[Requirement]
Each record, word for word and stripped of pictures, is what the answer should contain.

[Provided data]
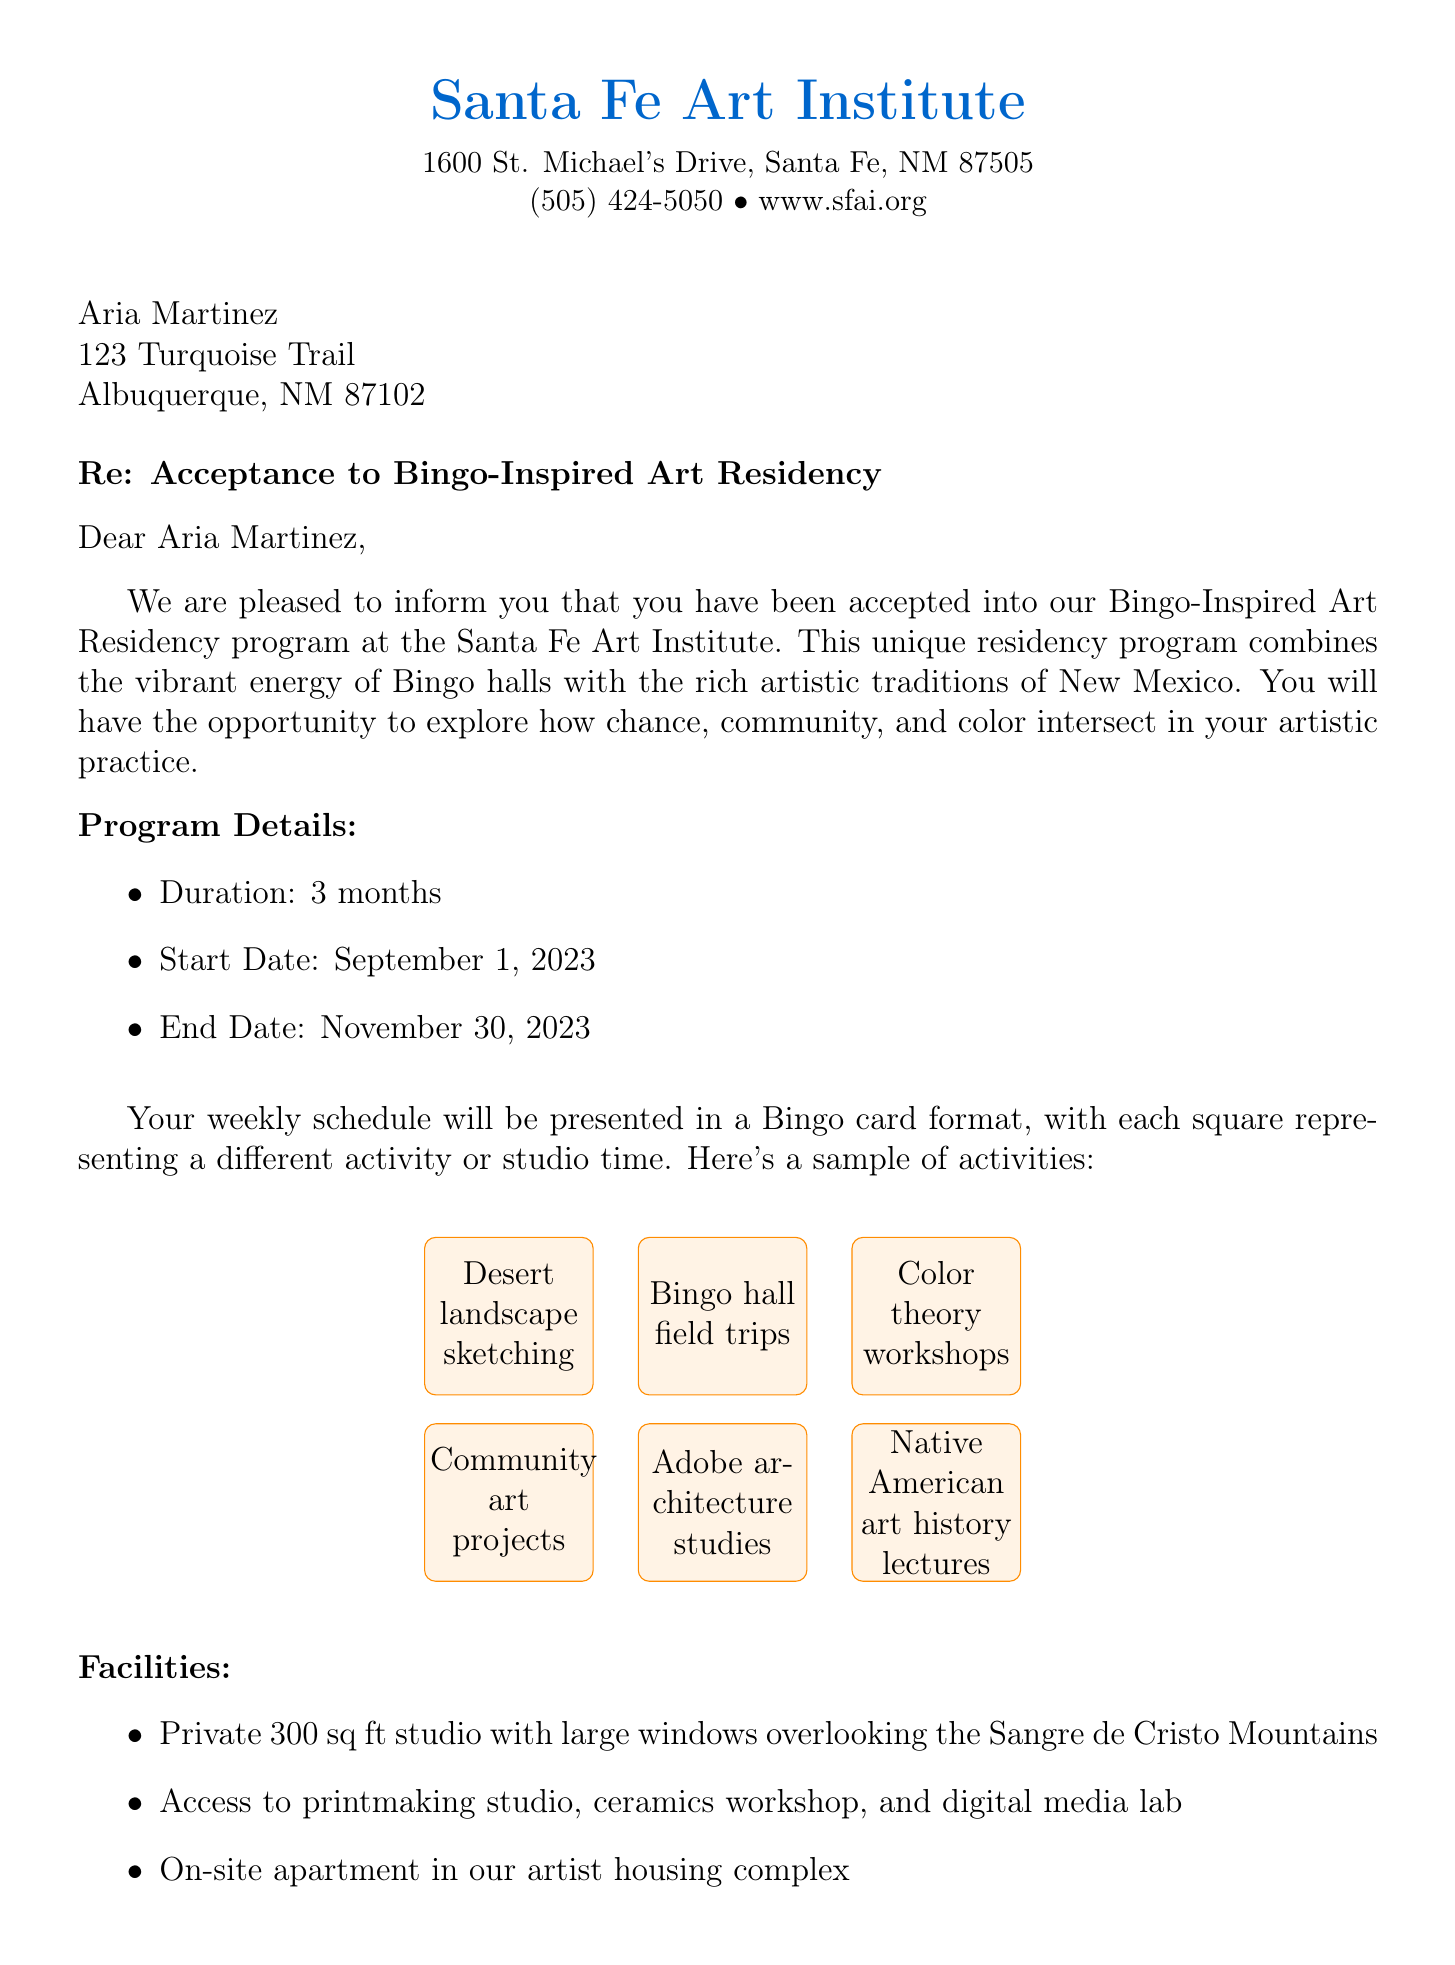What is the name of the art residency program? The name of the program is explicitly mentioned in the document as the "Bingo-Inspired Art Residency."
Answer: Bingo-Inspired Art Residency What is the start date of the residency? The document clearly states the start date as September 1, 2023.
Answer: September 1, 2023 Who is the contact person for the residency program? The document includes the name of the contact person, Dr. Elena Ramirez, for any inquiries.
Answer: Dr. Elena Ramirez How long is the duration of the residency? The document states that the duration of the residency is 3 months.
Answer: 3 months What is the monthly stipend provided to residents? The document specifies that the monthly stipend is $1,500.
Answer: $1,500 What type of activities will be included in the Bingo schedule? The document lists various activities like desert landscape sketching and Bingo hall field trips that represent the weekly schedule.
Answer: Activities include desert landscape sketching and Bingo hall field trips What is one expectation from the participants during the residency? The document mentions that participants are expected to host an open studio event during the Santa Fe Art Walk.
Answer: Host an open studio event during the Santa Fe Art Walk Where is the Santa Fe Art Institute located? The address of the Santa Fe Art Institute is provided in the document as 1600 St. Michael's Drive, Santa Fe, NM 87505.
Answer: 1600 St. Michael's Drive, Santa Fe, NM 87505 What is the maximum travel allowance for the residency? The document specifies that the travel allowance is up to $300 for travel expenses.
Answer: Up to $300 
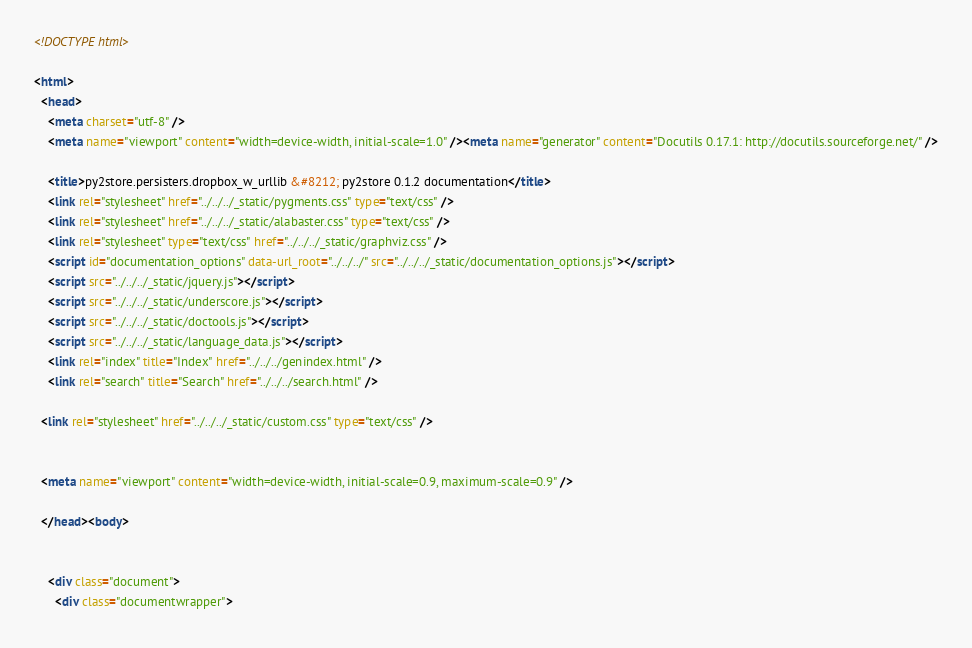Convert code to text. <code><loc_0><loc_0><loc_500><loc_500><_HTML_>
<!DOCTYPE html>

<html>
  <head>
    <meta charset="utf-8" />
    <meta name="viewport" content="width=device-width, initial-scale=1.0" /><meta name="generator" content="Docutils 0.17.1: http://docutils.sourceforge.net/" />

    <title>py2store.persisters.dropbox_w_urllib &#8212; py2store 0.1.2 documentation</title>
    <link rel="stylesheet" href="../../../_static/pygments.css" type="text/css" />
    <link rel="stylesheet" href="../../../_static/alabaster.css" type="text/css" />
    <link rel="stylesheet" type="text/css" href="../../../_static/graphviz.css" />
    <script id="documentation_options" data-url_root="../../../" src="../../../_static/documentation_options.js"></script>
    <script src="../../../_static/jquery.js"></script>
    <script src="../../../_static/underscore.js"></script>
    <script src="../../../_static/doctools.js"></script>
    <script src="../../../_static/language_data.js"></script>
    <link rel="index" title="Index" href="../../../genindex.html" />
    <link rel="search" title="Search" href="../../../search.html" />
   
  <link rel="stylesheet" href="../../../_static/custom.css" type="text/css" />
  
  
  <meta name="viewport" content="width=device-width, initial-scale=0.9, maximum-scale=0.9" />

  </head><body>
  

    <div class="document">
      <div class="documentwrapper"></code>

[Expected answer]
What is the name of the art residency program? The name of the program is explicitly mentioned in the document as the "Bingo-Inspired Art Residency."
Answer: Bingo-Inspired Art Residency What is the start date of the residency? The document clearly states the start date as September 1, 2023.
Answer: September 1, 2023 Who is the contact person for the residency program? The document includes the name of the contact person, Dr. Elena Ramirez, for any inquiries.
Answer: Dr. Elena Ramirez How long is the duration of the residency? The document states that the duration of the residency is 3 months.
Answer: 3 months What is the monthly stipend provided to residents? The document specifies that the monthly stipend is $1,500.
Answer: $1,500 What type of activities will be included in the Bingo schedule? The document lists various activities like desert landscape sketching and Bingo hall field trips that represent the weekly schedule.
Answer: Activities include desert landscape sketching and Bingo hall field trips What is one expectation from the participants during the residency? The document mentions that participants are expected to host an open studio event during the Santa Fe Art Walk.
Answer: Host an open studio event during the Santa Fe Art Walk Where is the Santa Fe Art Institute located? The address of the Santa Fe Art Institute is provided in the document as 1600 St. Michael's Drive, Santa Fe, NM 87505.
Answer: 1600 St. Michael's Drive, Santa Fe, NM 87505 What is the maximum travel allowance for the residency? The document specifies that the travel allowance is up to $300 for travel expenses.
Answer: Up to $300 
Convert code to text. <code><loc_0><loc_0><loc_500><loc_500><_HTML_>
<!DOCTYPE html>

<html>
  <head>
    <meta charset="utf-8" />
    <meta name="viewport" content="width=device-width, initial-scale=1.0" /><meta name="generator" content="Docutils 0.17.1: http://docutils.sourceforge.net/" />

    <title>py2store.persisters.dropbox_w_urllib &#8212; py2store 0.1.2 documentation</title>
    <link rel="stylesheet" href="../../../_static/pygments.css" type="text/css" />
    <link rel="stylesheet" href="../../../_static/alabaster.css" type="text/css" />
    <link rel="stylesheet" type="text/css" href="../../../_static/graphviz.css" />
    <script id="documentation_options" data-url_root="../../../" src="../../../_static/documentation_options.js"></script>
    <script src="../../../_static/jquery.js"></script>
    <script src="../../../_static/underscore.js"></script>
    <script src="../../../_static/doctools.js"></script>
    <script src="../../../_static/language_data.js"></script>
    <link rel="index" title="Index" href="../../../genindex.html" />
    <link rel="search" title="Search" href="../../../search.html" />
   
  <link rel="stylesheet" href="../../../_static/custom.css" type="text/css" />
  
  
  <meta name="viewport" content="width=device-width, initial-scale=0.9, maximum-scale=0.9" />

  </head><body>
  

    <div class="document">
      <div class="documentwrapper"></code>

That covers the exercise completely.